I'd never heard of 3.2 beer until I got to college. Never was much of a drinker either. I drank my first cold one the summer before coming to Iowa for school. Pulled one from an old refrigerator in the basement office of the state park where I worked, a fridge we kept stocked with Schlitz and Hamms and Kingsburys, whatever we’d confiscated from under-agers on the beach. If that fridge got short, we'd go on patrol some Saturday afternoon just to restock. It was a good, healthy system.
That first beer was so cold it slid down like a dream; but then, as I remember, it'd been a hot day on the Lake Michigan shoreline. Once quitting time came, the whole crew indulged.
So, I was hardly a practiced drinker when I got to college. None of the guys who climbed in a car and drove all the way west to South Dakota did so because we loved beer or had to answer some habit. Mostly, we crossed the river because doing so was a sin, or something similar at the Christian college I attended, that little watering hole, the kind of place, mid-Sixties, where doing something because you shouldn't ad a magic way of creating its own specious of blessedness.
Took a half hour to get to the border, where the Rock and the Big Sioux put a few curves in the otherwise straight road west to a town named Hudson, a little burg moving past whatever prime it once may have had.
Decline was written in empty businesses downtown, but Hudson had a tap, a place called "The Buckaroo," where you didn't have to be 21 to belly up to the bar, not as if anyone ever asked. We'd roll in from across the river and drink Grain Belt at what?--fifty cents a glass, 3.2 beer, I was told. I had no idea what that meant.
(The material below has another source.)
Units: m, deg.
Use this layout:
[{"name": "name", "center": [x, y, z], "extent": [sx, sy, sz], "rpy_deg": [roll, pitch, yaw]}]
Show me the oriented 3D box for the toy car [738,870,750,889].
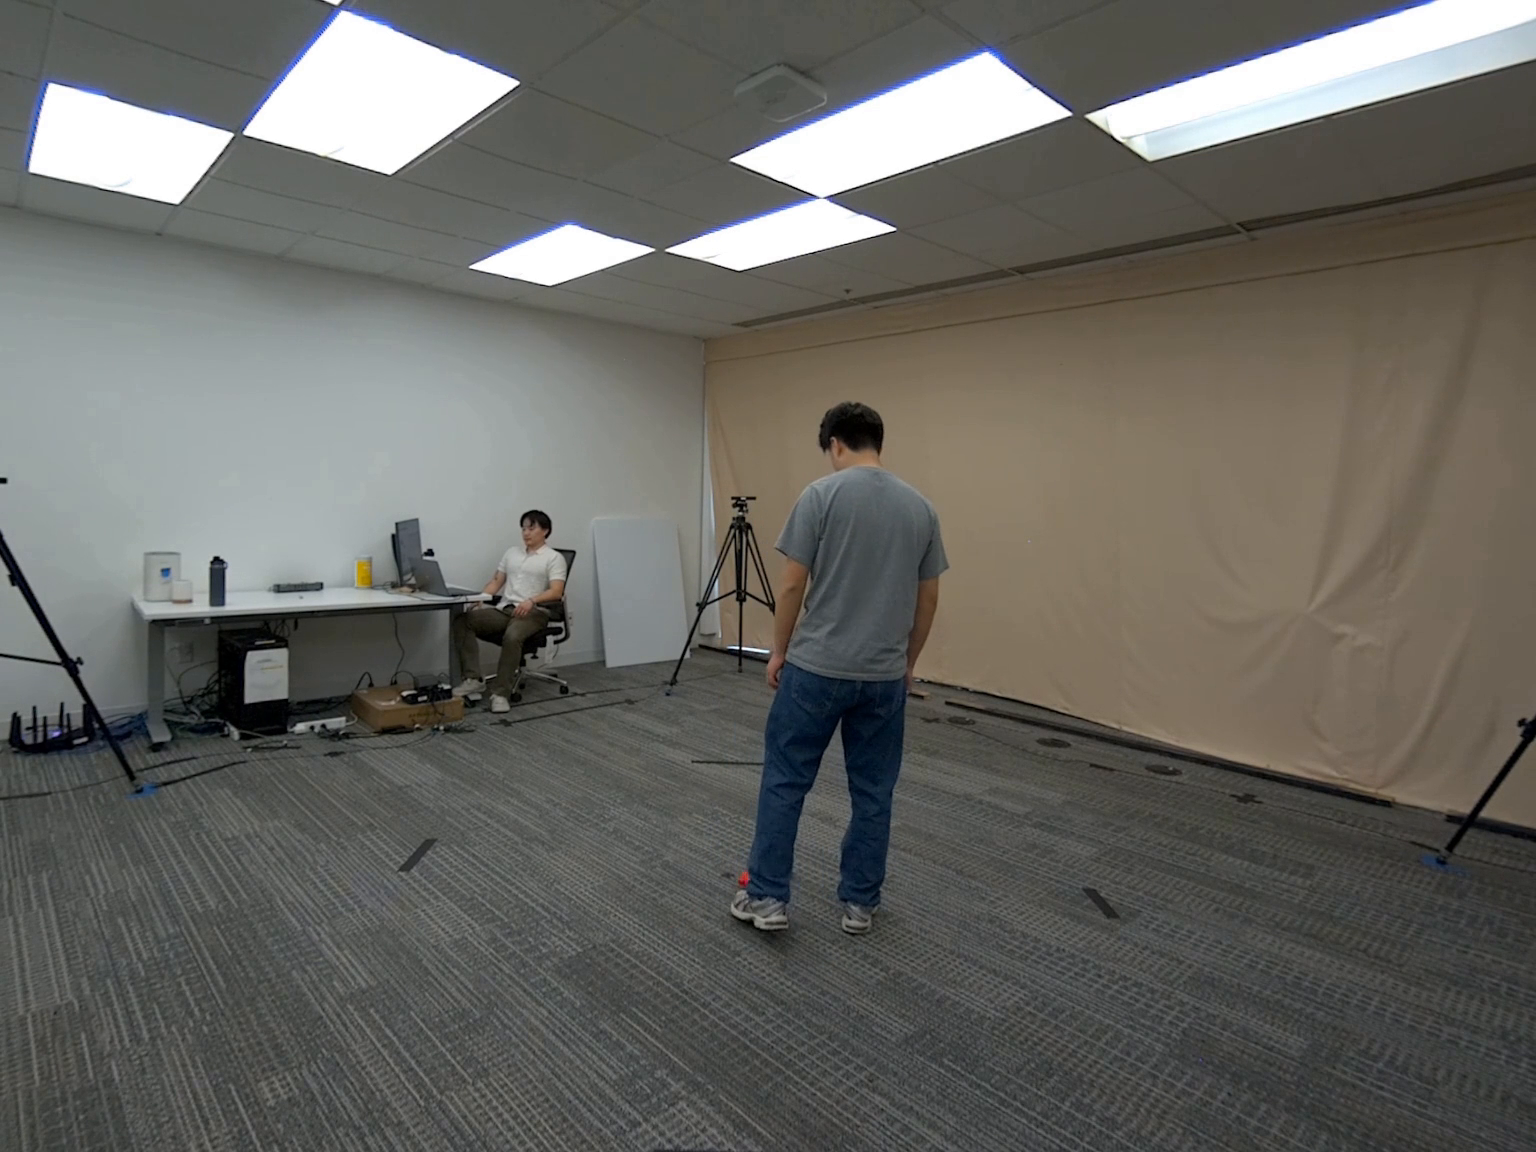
[{"name": "toy car", "center": [-0.015, 1.085, 3.040], "extent": [0.133, 0.083, 0.248], "rpy_deg": [4, -5, 29]}]

We didn't go often—just once in a while on a Friday night, and nobody got hammered. You'd have to swallow a bathtub of 3.2 beer to get there. I remember thinking some guys seemed to need a snoot full. Not long into the evening and they'd start singing or dancing or yammering on endlessly. Some guys wanted badly to get silly. We'd toss back a few and turn into Dean Martin wannabees, then leave with a six pack or two to road load all the way back home.
Who knows why some of us loved it when so many classmates thought such South Dakota visits orgies of drunkenness, ripe transgressions of the strict college code? There were dark and sweet moments back then, when it just felt great to sin. Sometimes we'd watch the Buckaroo's noisy front door, thinking the Dean of Students would take the trip west himself just to catch sinners. Rumor had it, he did such visits. All of that made 3.2 beer even more a delight.
The Dean never showed up, and we never got caught—in 1967, dorm counselors weren't armed with breathalyzers. As sin goes, the Buckaroo was pretty darn petty. Dante didn’t bother with 3.2 beer in the Inferno, no separate and distinct level of hell.
Once upon a time I loved this old t-shirt because of the story I’m telling. I picked it up right there at the Buckaroo forty years or more after sneaking a beer or two or three at a place by the same name. Years later, my wife and I started something of a date with a visit across the river to Hudson for barbecue ribs, sinfully good. Buckaroo it was, Hudson, South Dakota, where a half a century before, a handful of Christian college students took it upon themselves occasionally to sin boldly, as Luther would have it. Well, somewhat boldly. For years, I treasured the wickedness this shirt covertly told the world.
But like my Gilson shirt, the glory of its story is long gone. If the only t-shirt I wore to the gym all winter was my dark blue Buckaroo, no one would ever cast a second glance. I’m the only one--the old man who comes there most everyday--who gets the dim-lit glory of what the shirt still conjures.
It's old and worn now, the lettering yellowed now and broken up. It's lost its punch, been outwrestled by time itself. No one gets its joke.
I’ve forever been a fan of the literary trope, memento mori, which in Latin, I’m told, means something like “remember that you die." I've always appreciated the way Hamlet holds Yorick’s skull in Act V, of crossbones just about everywhere you look in Rome.
No matter. Still hurts worse than any one of those tall cool ones ever did.
2 comments:
Jim; you failed to update your readers that last year the Boards of Supervisors of Sioux and Union counties authorized the replacement of the bridge that spans the Sioux. It was determined that excess travel was detrimental to its initial underpinning. The new two lane bridge would eliminate the necessity that a driver had to be sober in order to navigate the single lane, stop sign controlled old bridge.
Alas, living in Alton, we no longer keep abreast of Hudson news. So thanks for the update. Alas, that old one-laner will be missed.